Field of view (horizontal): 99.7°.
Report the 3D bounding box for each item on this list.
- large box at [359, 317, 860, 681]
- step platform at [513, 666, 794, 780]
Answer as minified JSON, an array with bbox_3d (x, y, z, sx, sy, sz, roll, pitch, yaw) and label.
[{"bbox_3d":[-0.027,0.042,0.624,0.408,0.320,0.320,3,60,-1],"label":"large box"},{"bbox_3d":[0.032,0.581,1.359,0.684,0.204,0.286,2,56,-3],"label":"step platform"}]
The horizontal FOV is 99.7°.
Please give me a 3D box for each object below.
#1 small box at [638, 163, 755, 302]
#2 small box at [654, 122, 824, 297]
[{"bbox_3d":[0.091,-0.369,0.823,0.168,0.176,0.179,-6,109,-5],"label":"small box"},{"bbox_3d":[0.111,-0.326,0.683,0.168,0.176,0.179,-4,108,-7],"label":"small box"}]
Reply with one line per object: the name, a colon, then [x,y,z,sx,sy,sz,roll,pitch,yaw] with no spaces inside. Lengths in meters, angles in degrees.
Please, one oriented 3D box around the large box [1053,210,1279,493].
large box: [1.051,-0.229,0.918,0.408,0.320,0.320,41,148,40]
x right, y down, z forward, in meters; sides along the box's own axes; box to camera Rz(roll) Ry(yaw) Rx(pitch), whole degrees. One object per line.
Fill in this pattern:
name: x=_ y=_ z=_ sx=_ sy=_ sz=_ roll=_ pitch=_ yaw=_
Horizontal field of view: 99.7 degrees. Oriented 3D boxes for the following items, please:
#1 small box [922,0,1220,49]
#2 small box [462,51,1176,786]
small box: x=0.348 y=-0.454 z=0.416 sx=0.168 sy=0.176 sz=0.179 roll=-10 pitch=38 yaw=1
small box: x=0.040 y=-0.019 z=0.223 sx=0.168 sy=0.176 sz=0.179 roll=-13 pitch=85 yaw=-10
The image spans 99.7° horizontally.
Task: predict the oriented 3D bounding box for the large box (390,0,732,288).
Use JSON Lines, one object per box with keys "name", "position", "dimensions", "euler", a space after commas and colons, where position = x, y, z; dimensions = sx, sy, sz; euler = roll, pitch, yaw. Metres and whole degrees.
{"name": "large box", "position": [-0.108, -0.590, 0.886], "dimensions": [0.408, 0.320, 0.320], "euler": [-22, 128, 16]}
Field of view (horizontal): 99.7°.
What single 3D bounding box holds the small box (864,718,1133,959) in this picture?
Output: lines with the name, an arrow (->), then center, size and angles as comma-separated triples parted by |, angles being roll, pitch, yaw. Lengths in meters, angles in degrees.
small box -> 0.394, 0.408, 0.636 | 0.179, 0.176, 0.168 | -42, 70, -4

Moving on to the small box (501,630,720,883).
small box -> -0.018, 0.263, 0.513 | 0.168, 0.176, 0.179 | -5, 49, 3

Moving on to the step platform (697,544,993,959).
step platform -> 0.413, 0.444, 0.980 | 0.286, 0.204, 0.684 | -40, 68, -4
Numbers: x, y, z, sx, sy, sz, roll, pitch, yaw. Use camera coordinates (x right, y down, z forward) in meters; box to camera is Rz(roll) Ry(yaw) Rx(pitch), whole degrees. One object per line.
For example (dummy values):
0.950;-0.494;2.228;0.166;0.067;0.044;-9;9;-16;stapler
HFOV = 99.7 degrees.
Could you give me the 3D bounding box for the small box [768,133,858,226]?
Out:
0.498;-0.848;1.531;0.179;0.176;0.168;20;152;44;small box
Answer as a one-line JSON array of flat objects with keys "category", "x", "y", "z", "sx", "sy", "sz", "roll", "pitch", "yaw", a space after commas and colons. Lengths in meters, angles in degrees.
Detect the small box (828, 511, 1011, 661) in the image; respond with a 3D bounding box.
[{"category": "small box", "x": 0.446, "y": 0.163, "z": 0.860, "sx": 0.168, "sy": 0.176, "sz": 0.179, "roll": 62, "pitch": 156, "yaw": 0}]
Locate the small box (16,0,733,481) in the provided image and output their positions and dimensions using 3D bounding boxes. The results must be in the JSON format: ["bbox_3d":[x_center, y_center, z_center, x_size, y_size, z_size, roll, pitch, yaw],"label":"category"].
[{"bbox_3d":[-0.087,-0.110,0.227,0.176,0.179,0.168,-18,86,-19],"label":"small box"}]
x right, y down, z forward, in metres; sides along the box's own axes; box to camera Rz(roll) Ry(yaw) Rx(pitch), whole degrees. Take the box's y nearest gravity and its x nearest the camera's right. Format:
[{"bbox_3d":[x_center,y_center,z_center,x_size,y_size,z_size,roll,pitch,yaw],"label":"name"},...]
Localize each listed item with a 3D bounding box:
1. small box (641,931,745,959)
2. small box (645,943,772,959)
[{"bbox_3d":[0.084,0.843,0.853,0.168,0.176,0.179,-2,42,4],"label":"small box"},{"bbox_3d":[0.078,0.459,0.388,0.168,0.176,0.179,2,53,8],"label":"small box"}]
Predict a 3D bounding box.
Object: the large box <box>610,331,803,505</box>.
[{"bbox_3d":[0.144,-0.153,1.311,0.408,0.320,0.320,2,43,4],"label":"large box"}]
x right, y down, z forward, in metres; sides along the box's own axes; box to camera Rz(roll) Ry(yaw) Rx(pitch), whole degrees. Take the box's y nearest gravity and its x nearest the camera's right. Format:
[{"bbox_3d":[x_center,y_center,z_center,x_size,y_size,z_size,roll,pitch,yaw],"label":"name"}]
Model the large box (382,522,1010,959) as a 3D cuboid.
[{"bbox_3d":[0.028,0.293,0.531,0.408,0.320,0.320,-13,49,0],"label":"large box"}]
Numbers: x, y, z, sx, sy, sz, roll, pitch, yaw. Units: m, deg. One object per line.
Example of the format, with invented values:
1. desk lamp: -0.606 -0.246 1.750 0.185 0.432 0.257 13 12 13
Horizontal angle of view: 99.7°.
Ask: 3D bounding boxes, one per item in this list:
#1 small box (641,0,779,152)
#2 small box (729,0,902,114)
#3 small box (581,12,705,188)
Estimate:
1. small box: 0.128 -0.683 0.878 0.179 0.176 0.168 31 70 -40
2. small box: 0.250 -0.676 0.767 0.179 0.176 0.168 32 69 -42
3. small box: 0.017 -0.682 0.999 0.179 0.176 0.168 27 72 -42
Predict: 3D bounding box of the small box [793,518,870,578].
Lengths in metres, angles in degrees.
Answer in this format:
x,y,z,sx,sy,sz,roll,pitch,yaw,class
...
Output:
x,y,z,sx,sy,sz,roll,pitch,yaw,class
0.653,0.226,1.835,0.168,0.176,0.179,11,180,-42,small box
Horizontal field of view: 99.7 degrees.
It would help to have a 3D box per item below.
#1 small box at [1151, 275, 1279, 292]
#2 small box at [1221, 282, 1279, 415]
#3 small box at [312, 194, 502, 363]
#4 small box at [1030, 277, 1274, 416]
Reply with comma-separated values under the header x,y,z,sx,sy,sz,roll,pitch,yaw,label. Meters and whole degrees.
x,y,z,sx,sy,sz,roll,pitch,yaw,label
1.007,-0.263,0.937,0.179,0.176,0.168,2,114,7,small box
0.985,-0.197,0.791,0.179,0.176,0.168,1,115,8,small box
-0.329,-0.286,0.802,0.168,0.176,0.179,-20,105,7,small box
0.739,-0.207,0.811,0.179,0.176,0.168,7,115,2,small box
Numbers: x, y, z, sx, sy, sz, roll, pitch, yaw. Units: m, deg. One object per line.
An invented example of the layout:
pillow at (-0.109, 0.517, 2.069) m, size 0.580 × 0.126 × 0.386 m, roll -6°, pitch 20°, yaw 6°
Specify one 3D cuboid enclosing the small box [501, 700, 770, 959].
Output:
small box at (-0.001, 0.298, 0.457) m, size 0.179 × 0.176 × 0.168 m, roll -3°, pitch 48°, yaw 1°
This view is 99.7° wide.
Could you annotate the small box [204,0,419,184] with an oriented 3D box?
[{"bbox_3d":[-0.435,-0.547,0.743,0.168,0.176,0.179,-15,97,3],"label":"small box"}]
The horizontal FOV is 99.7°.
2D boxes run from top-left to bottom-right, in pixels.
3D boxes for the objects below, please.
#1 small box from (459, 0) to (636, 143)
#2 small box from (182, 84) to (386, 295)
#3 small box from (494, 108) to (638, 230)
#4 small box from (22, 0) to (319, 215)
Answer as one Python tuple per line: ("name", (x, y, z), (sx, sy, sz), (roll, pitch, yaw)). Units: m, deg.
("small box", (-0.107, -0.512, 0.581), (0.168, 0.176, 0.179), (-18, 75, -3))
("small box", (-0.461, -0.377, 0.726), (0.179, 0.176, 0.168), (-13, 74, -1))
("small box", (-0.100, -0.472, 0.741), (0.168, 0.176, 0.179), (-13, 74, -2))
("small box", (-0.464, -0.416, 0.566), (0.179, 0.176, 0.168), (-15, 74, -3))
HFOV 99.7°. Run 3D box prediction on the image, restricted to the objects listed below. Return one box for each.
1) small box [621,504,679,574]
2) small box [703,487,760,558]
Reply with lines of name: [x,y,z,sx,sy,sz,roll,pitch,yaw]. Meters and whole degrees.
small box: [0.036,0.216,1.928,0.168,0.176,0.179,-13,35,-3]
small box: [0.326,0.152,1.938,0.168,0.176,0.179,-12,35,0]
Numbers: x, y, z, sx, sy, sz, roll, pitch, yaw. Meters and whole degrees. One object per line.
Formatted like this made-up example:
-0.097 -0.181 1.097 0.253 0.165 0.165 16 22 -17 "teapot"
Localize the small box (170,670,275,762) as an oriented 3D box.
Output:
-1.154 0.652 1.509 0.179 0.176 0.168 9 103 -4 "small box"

•••

■ Work instruction
Lines that contain "down" should be pulled from the entries above and reported.

■ Result of the task
x right, y down, z forward, in meters; sides along the box's own axes; box to camera Rz(roll) Ry(yaw) Rx(pitch), whole degrees. One object per line.
Numbers: x, y, z, sx, sy, sz, roll, pitch, yaw. Use camera coordinates (x right, y down, z forward) in meters; box to camera is Rz(roll) Ry(yaw) Rx(pitch), whole degrees. One object per line.
x right, y down, z forward, in metres; sides along the box's own axes; box to camera Rz(roll) Ry(yaw) Rx(pitch), whole degrees. Take the box's y nearest gravity and its x nearest the camera's right. Format:
x right, y down, z forward, in metres; sides along the box's own axes; box to camera Rz(roll) Ry(yaw) Rx(pitch), whole degrees. Take the box's y nearest gravity and its x nearest the camera's right. Format:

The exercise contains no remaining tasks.